- **Directions for this task**
Every line below should come back exactly as written, though the pictures stay out.

[Start of Attachment]

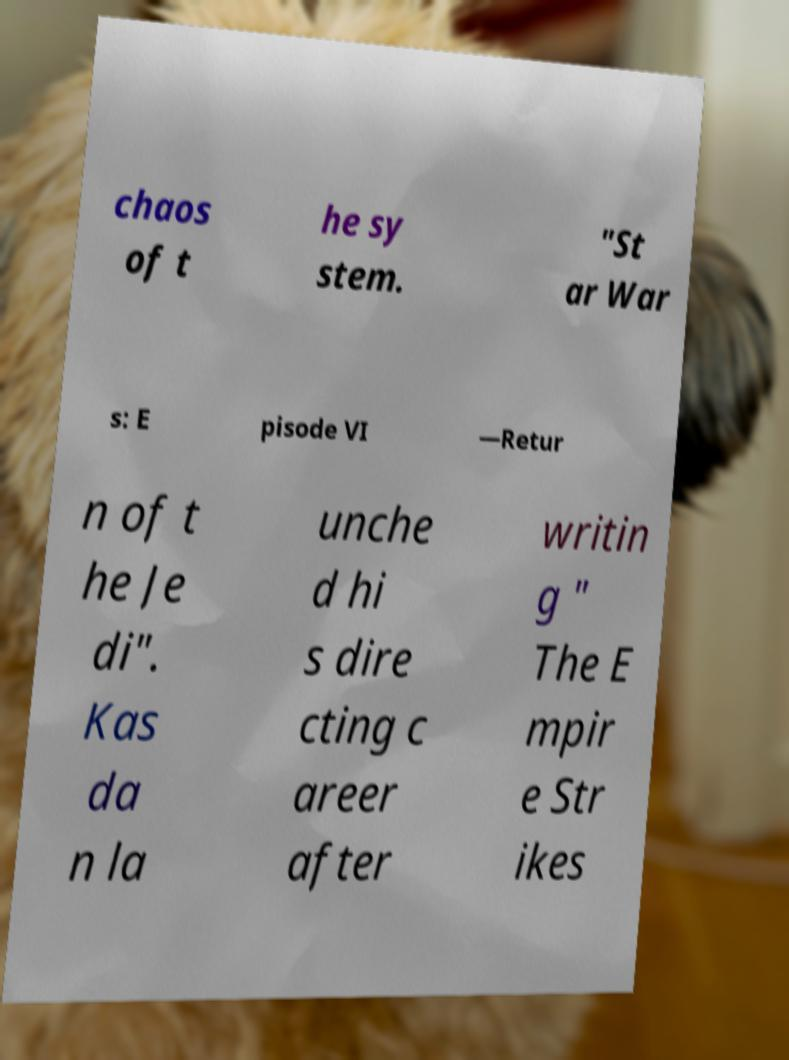Can you read and provide the text displayed in the image?This photo seems to have some interesting text. Can you extract and type it out for me? chaos of t he sy stem. "St ar War s: E pisode VI —Retur n of t he Je di". Kas da n la unche d hi s dire cting c areer after writin g " The E mpir e Str ikes 
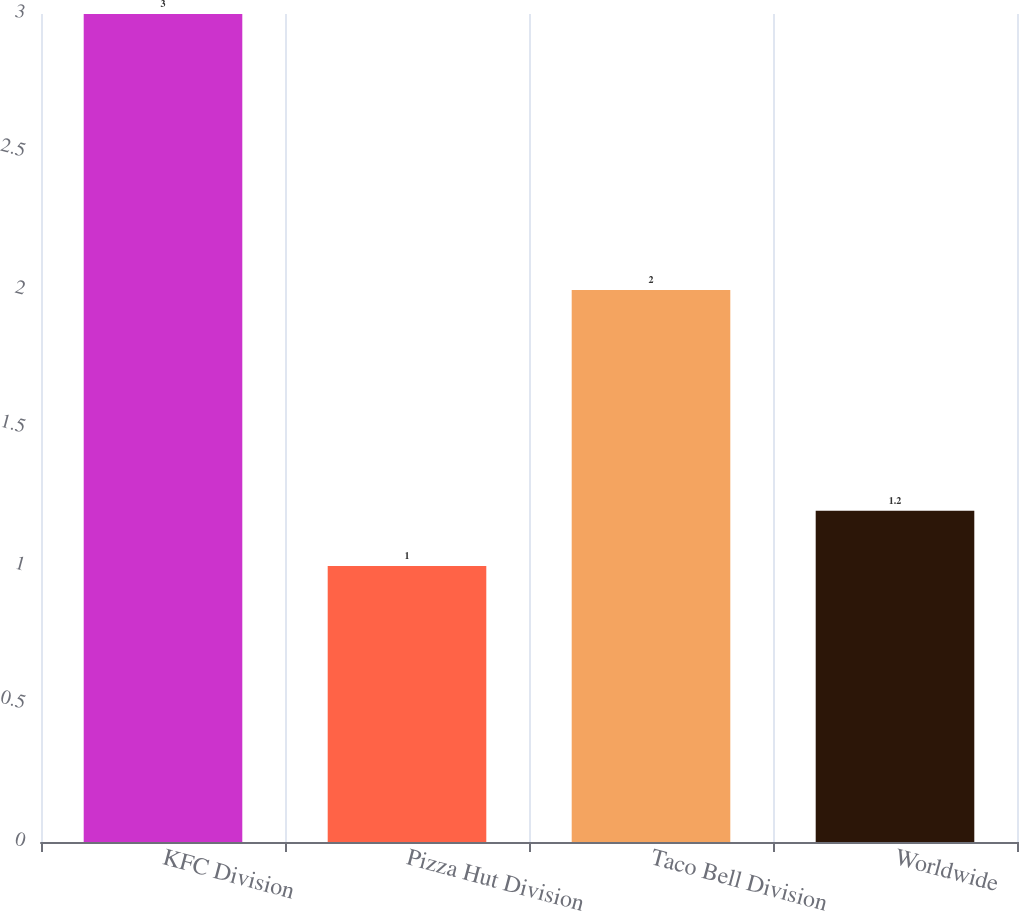Convert chart to OTSL. <chart><loc_0><loc_0><loc_500><loc_500><bar_chart><fcel>KFC Division<fcel>Pizza Hut Division<fcel>Taco Bell Division<fcel>Worldwide<nl><fcel>3<fcel>1<fcel>2<fcel>1.2<nl></chart> 
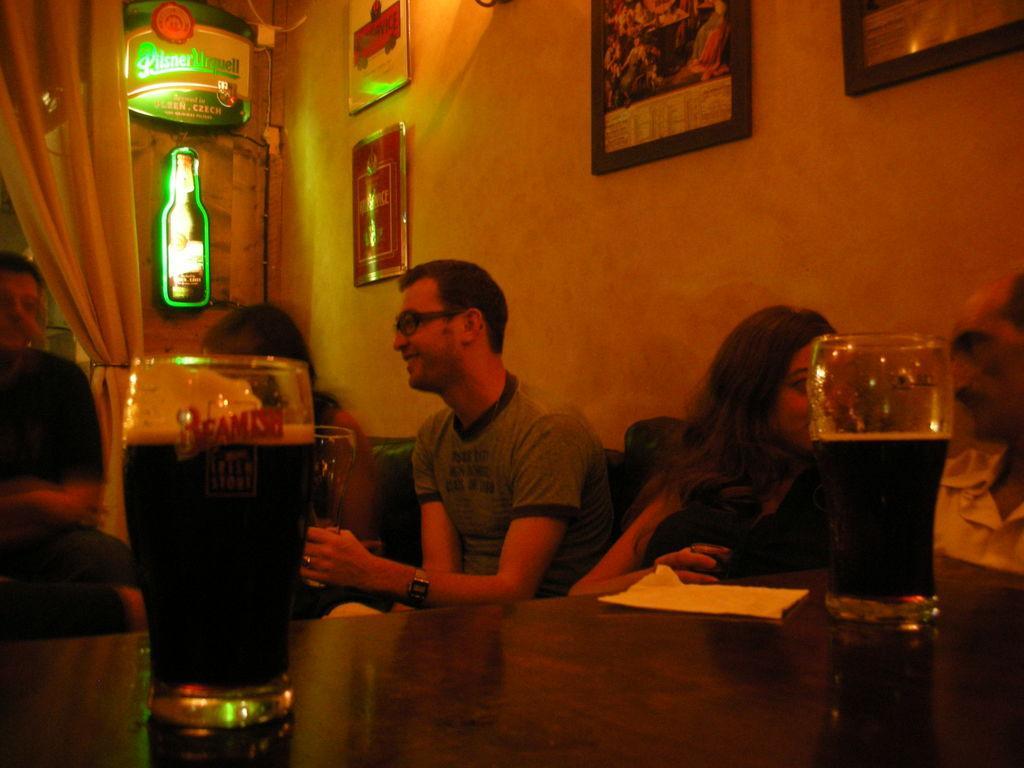Describe this image in one or two sentences. on the table there are 2 glasses filled with drinks and a paper is present on that table. behind that people are sitting, talking to each other. behind them there is a wall on which there are photo frames. at the right there are curtains. 
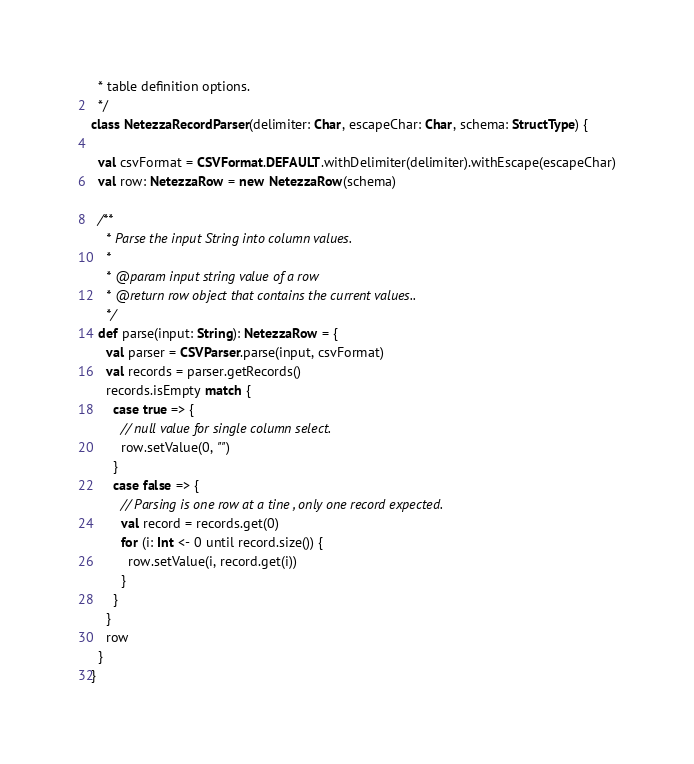Convert code to text. <code><loc_0><loc_0><loc_500><loc_500><_Scala_>  * table definition options.
  */
class NetezzaRecordParser(delimiter: Char, escapeChar: Char, schema: StructType) {

  val csvFormat = CSVFormat.DEFAULT.withDelimiter(delimiter).withEscape(escapeChar)
  val row: NetezzaRow = new NetezzaRow(schema)

  /**
    * Parse the input String into column values.
    *
    * @param input string value of a row
    * @return row object that contains the current values..
    */
  def parse(input: String): NetezzaRow = {
    val parser = CSVParser.parse(input, csvFormat)
    val records = parser.getRecords()
    records.isEmpty match {
      case true => {
        // null value for single column select.
        row.setValue(0, "")
      }
      case false => {
        // Parsing is one row at a tine , only one record expected.
        val record = records.get(0)
        for (i: Int <- 0 until record.size()) {
          row.setValue(i, record.get(i))
        }
      }
    }
    row
  }
}
</code> 
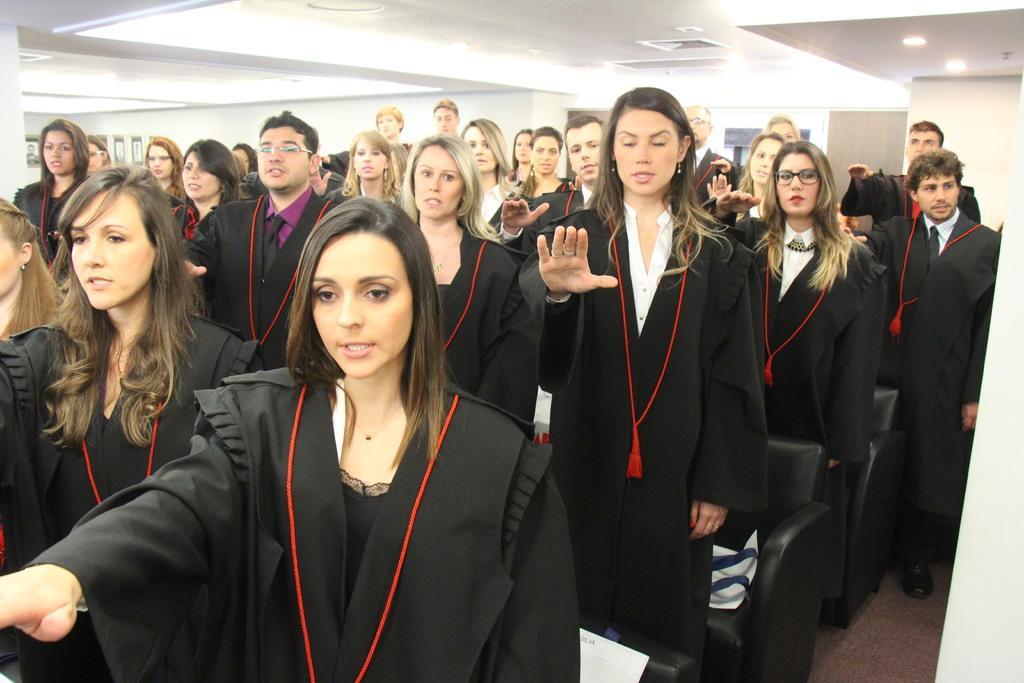In one or two sentences, can you explain what this image depicts? In the picture we can see many men and women are standing and taking an oath raising their hands and they are in black dresses and behind them, we can see chairs which are black in color and to the ceiling we can see some lights. 
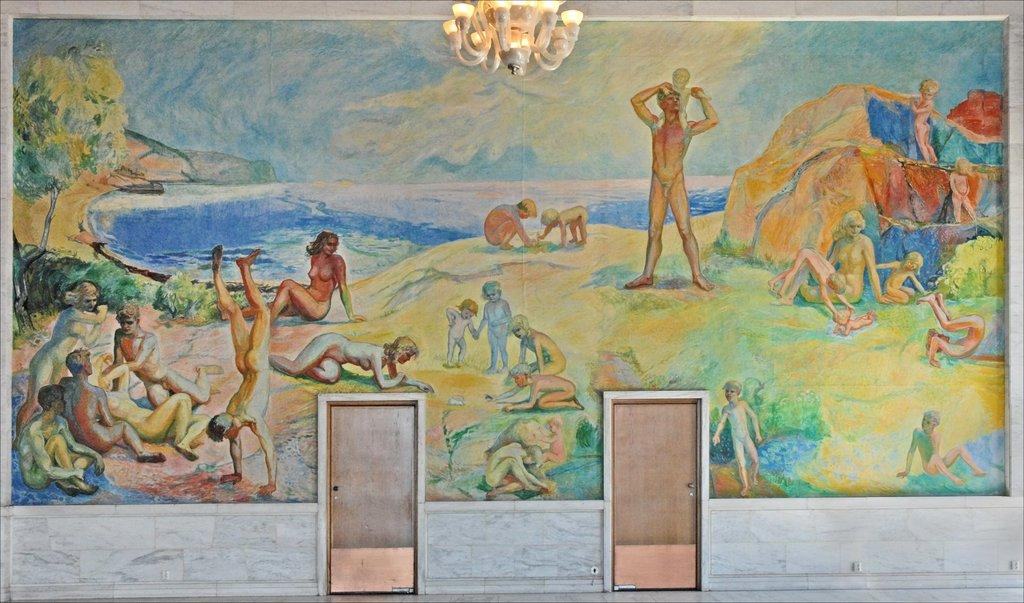What is the main subject of the painting? The painting contains many people. What natural element is depicted in the painting? There is water depicted in the painting. What type of vegetation is present in the painting? Trees are present in the painting. What geological feature is visible in the painting? Rocks are visible in the painting. What source of illumination is depicted in the painting? Lights are depicted in the painting. Is there any architectural feature in the painting? Yes, there is a door in the painting. What type of gold jewelry is worn by the person in the painting? There is no gold jewelry or person mentioned in the provided facts, so it cannot be determined from the image. 
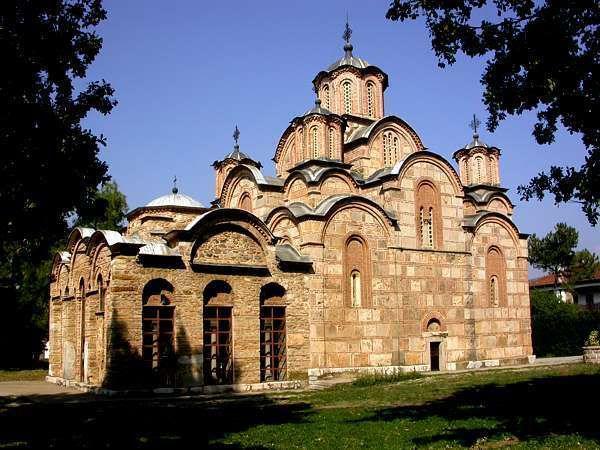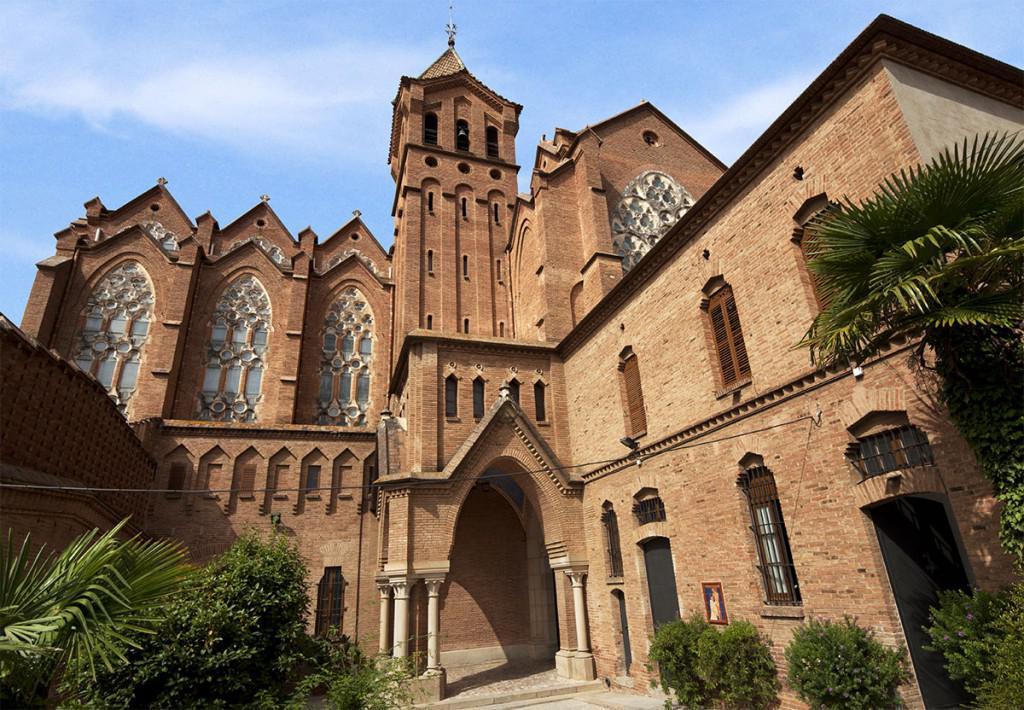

[End of Attachment]

- **Output for this task**
Can you read and provide the text displayed in the image?This photo seems to have some interesting text. Can you extract and type it out for me? chaos of t he sy stem. "St ar War s: E pisode VI —Retur n of t he Je di". Kas da n la unche d hi s dire cting c areer after writin g " The E mpir e Str ikes 
Convert chart to OTSL. <chart><loc_0><loc_0><loc_500><loc_500><bar_chart><fcel>KFC Division<fcel>Pizza Hut Division<fcel>Taco Bell Division<fcel>Worldwide<nl><fcel>3<fcel>1<fcel>2<fcel>1.2<nl></chart> 
Describe this image in one or two sentences. on the table there are 2 glasses filled with drinks and a paper is present on that table. behind that people are sitting, talking to each other. behind them there is a wall on which there are photo frames. at the right there are curtains. 
Convert code to text. <code><loc_0><loc_0><loc_500><loc_500><_Scala_>  * table definition options.
  */
class NetezzaRecordParser(delimiter: Char, escapeChar: Char, schema: StructType) {

  val csvFormat = CSVFormat.DEFAULT.withDelimiter(delimiter).withEscape(escapeChar)
  val row: NetezzaRow = new NetezzaRow(schema)

  /**
    * Parse the input String into column values.
    *
    * @param input string value of a row
    * @return row object that contains the current values..
    */
  def parse(input: String): NetezzaRow = {
    val parser = CSVParser.parse(input, csvFormat)
    val records = parser.getRecords()
    records.isEmpty match {
      case true => {
        // null value for single column select.
        row.setValue(0, "")
      }
      case false => {
        // Parsing is one row at a tine , only one record expected.
        val record = records.get(0)
        for (i: Int <- 0 until record.size()) {
          row.setValue(i, record.get(i))
        }
      }
    }
    row
  }
}
</code> 
In one or two sentences, can you explain what this image depicts? In the picture we can see many men and women are standing and taking an oath raising their hands and they are in black dresses and behind them, we can see chairs which are black in color and to the ceiling we can see some lights. 
What is the main subject of the painting? The painting contains many people. What natural element is depicted in the painting? There is water depicted in the painting. What type of vegetation is present in the painting? Trees are present in the painting. What geological feature is visible in the painting? Rocks are visible in the painting. What source of illumination is depicted in the painting? Lights are depicted in the painting. Is there any architectural feature in the painting? Yes, there is a door in the painting. What type of gold jewelry is worn by the person in the painting? There is no gold jewelry or person mentioned in the provided facts, so it cannot be determined from the image. 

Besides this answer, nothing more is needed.